Dataset extract below:

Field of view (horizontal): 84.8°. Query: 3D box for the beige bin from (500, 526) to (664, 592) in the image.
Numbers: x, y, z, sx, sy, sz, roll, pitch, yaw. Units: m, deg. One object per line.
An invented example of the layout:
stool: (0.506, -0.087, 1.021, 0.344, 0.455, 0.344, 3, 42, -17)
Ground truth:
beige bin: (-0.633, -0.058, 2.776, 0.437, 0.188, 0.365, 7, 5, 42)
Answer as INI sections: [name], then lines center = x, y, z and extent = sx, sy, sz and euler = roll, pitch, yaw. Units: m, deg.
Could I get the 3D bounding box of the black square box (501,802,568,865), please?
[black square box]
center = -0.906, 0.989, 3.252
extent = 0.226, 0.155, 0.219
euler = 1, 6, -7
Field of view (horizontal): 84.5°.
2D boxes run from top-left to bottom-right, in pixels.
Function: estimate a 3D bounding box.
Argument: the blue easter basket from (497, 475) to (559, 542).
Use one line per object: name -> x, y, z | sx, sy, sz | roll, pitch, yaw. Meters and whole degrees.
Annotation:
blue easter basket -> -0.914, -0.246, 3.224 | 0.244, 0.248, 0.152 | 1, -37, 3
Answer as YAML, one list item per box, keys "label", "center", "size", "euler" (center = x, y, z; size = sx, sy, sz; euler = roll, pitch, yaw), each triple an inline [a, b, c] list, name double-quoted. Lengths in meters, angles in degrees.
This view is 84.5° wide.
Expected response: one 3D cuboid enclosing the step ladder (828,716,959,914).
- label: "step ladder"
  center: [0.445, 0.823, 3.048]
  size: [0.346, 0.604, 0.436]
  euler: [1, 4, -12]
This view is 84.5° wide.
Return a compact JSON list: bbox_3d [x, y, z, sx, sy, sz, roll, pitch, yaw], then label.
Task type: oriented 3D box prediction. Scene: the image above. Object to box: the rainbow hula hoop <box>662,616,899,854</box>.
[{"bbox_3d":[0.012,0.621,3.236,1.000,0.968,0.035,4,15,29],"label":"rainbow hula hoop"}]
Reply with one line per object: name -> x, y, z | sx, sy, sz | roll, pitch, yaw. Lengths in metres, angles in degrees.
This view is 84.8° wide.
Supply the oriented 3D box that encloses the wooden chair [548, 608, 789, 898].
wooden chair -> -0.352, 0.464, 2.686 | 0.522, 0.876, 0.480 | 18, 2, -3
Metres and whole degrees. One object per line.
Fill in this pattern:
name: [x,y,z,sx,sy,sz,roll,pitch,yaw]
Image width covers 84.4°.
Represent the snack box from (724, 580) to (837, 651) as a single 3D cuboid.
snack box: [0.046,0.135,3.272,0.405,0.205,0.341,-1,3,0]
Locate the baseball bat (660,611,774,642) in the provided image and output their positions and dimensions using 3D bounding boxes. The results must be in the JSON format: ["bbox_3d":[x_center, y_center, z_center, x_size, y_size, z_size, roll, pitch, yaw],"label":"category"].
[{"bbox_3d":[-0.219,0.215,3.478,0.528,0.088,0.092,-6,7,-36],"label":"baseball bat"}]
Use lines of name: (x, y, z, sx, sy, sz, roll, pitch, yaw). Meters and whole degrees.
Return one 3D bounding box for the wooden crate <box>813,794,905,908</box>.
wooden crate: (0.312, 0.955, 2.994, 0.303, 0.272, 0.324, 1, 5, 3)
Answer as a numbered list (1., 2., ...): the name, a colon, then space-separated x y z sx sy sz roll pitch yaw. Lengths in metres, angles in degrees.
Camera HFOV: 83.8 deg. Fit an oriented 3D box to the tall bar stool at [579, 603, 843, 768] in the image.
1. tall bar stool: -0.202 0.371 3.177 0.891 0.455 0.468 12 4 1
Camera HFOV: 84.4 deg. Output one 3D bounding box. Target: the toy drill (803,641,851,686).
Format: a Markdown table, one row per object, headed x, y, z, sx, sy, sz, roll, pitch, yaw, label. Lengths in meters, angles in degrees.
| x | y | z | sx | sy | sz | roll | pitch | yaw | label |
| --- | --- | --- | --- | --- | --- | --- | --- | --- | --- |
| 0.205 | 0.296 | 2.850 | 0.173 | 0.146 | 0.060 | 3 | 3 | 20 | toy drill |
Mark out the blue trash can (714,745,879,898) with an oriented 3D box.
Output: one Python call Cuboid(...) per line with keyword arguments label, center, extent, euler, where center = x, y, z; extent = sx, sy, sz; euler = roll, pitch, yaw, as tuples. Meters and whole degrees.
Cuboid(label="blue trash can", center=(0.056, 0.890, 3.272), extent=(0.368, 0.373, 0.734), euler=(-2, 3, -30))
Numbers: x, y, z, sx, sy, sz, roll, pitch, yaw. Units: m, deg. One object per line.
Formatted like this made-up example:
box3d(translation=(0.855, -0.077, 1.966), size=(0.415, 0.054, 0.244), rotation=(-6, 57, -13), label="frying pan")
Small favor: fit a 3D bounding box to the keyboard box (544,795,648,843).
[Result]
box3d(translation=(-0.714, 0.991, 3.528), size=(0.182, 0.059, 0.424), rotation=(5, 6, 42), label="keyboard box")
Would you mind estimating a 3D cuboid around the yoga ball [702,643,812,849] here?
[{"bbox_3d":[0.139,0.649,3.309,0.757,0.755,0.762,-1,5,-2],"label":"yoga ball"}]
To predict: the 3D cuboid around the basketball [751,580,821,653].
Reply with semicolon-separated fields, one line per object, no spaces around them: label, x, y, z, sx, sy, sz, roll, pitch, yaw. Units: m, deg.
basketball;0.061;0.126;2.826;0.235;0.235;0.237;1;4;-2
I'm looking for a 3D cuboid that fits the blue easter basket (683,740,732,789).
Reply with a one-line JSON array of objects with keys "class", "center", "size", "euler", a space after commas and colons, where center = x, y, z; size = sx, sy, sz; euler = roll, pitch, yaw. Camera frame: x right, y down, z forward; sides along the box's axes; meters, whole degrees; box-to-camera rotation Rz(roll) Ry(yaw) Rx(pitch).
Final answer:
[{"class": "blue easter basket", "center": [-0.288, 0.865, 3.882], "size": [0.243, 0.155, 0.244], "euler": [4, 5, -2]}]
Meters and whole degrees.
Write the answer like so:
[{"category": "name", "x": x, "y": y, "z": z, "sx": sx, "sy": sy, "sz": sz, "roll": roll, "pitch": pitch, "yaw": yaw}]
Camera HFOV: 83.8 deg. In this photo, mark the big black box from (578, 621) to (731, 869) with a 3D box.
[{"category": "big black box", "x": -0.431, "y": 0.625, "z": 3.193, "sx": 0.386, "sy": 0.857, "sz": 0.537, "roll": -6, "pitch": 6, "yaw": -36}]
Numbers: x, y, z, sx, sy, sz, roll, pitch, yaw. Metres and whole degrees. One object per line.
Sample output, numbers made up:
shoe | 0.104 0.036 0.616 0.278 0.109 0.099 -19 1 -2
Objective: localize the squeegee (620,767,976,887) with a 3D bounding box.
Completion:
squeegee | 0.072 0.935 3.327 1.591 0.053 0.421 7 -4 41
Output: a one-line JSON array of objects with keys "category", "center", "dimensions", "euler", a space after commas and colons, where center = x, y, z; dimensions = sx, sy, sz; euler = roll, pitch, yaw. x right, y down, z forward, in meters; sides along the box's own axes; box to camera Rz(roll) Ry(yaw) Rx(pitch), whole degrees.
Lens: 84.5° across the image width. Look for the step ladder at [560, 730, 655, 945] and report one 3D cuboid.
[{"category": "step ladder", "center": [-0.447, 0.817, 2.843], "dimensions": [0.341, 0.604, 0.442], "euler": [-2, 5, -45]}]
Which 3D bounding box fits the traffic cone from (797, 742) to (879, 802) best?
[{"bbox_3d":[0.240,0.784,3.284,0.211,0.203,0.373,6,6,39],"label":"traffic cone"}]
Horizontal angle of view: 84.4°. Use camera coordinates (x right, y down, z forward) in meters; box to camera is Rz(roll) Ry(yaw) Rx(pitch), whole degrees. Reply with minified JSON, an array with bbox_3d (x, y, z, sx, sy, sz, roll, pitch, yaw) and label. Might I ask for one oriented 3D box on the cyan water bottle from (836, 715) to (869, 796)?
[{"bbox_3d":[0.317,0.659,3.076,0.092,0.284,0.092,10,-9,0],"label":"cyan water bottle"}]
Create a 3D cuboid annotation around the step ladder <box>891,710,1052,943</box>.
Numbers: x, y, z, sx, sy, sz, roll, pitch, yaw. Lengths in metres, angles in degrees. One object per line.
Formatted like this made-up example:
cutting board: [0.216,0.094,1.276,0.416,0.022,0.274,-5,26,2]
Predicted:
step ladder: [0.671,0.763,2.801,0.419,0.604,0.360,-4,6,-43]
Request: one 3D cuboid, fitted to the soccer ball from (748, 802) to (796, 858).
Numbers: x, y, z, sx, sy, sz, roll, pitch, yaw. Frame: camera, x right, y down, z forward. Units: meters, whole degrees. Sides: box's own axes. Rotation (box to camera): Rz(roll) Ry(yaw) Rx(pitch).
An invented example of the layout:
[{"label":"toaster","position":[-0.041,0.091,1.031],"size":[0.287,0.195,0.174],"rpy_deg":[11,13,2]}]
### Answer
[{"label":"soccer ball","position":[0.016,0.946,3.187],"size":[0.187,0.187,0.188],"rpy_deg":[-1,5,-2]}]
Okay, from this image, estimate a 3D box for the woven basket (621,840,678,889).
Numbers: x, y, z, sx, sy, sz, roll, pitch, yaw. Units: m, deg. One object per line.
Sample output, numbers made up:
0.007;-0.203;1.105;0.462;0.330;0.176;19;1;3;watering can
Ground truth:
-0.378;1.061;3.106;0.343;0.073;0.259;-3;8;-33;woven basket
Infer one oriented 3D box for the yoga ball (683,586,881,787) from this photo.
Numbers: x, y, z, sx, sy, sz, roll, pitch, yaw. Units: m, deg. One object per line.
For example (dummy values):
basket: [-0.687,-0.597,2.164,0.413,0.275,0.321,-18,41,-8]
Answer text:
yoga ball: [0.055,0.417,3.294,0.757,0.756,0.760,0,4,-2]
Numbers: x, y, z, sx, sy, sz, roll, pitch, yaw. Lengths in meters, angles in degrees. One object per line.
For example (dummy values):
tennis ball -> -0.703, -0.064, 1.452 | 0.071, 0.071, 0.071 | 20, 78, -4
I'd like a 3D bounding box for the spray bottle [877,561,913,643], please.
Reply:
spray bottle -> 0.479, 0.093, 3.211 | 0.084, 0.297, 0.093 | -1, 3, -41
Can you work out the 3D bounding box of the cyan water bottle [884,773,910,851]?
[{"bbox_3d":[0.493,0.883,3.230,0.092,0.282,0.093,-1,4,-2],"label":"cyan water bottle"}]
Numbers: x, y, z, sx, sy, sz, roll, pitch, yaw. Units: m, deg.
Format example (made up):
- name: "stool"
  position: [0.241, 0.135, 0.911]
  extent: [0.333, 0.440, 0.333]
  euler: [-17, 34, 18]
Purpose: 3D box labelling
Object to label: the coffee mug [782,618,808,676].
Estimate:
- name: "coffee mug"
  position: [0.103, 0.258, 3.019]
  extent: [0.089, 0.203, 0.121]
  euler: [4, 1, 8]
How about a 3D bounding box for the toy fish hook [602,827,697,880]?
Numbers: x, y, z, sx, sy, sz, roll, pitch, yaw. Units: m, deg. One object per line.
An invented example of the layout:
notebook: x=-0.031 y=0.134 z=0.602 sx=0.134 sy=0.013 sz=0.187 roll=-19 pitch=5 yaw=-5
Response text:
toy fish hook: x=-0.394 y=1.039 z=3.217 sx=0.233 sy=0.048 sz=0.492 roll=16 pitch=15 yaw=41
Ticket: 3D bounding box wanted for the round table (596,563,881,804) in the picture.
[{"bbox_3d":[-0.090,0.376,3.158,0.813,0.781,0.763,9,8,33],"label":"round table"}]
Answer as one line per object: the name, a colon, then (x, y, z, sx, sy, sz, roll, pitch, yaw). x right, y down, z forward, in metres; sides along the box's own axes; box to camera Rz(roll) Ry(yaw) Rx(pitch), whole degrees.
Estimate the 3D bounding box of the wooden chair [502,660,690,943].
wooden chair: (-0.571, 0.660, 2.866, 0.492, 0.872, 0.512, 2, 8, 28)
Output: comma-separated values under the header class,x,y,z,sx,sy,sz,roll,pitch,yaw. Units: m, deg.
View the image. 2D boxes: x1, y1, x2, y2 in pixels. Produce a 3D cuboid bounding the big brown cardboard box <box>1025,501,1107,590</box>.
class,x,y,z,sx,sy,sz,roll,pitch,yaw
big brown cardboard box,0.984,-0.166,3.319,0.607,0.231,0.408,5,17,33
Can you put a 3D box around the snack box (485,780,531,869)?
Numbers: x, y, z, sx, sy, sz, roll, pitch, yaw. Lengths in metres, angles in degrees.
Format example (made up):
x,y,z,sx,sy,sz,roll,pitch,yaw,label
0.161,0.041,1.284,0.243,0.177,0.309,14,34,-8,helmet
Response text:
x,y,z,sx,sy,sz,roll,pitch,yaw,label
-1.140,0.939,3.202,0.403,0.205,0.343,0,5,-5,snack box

End of Dataset extract.

[The problem] In the material above, show every line where the word "lines" turns up.

[Result for this exercise]
Answer as INI sections: [name], then lines center = x, y, z and extent = sx, sy, sz and euler = roll, pitch, yaw. Units: m, deg.
Use lines of name: (x, y, z, sx, sy, sz, roll, pitch, yaw). Meters and whole degrees.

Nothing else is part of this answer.